## [About this exercise]
In your copy, drop the images and return each record exactly as it stands.

(Collected data entries)
Segment Open

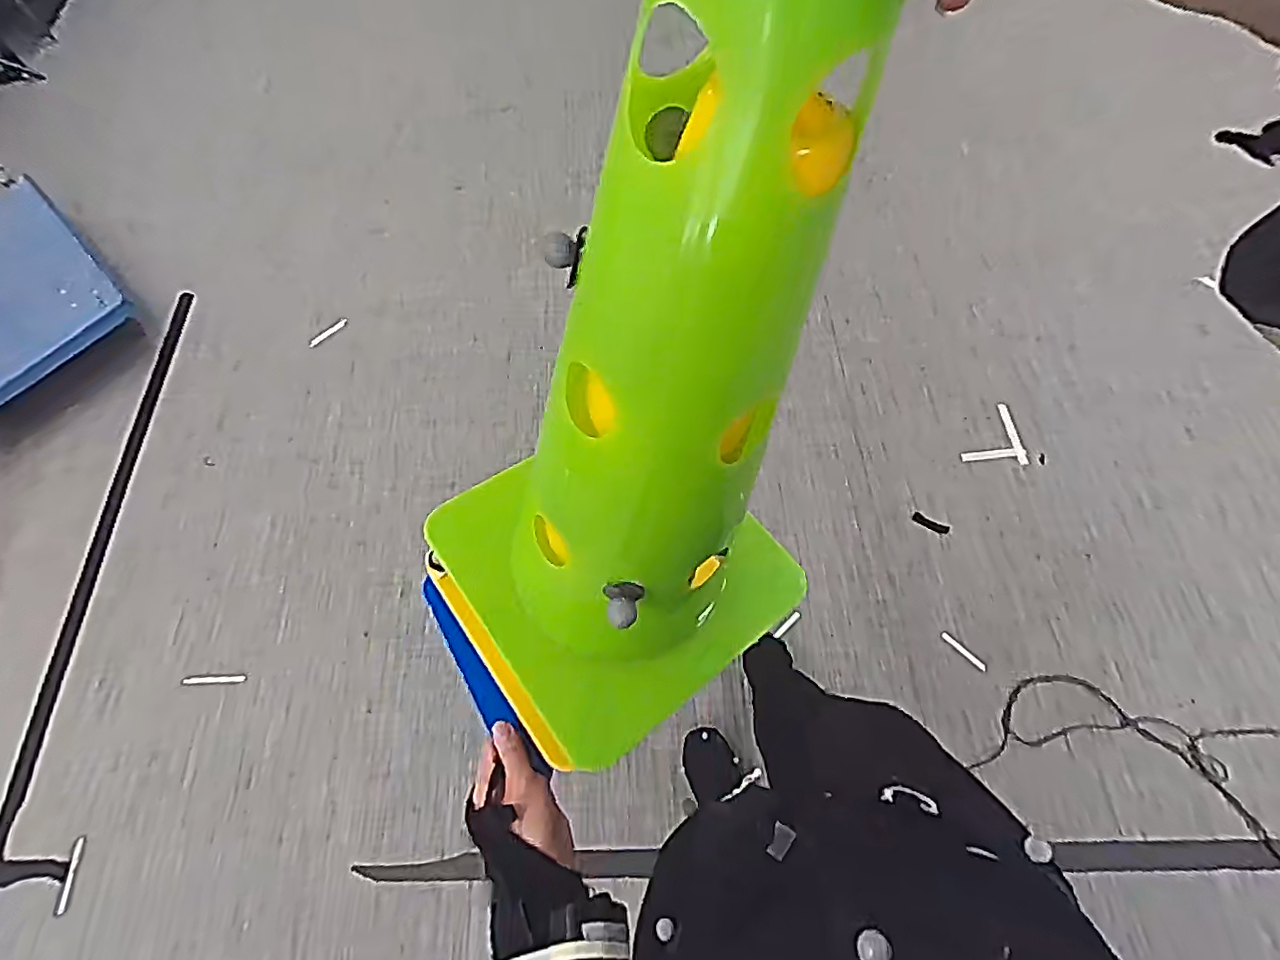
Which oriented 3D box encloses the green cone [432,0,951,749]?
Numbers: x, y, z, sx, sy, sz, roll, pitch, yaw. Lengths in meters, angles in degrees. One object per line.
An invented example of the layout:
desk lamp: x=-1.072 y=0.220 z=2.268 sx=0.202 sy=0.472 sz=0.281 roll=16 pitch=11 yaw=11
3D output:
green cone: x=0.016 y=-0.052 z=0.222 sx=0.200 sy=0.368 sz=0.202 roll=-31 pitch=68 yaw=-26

Segment Closed

## [The completed task]
Which oriented 3D box encloses the green cone [432,0,951,749]?
Numbers: x, y, z, sx, sy, sz, roll, pitch, yaw. Lengths in meters, angles in degrees. One object per line.
An invented example of the layout:
desk lamp: x=-1.072 y=0.220 z=2.268 sx=0.202 sy=0.472 sz=0.281 roll=16 pitch=11 yaw=11
3D output:
green cone: x=0.016 y=-0.052 z=0.222 sx=0.200 sy=0.368 sz=0.202 roll=-31 pitch=68 yaw=-26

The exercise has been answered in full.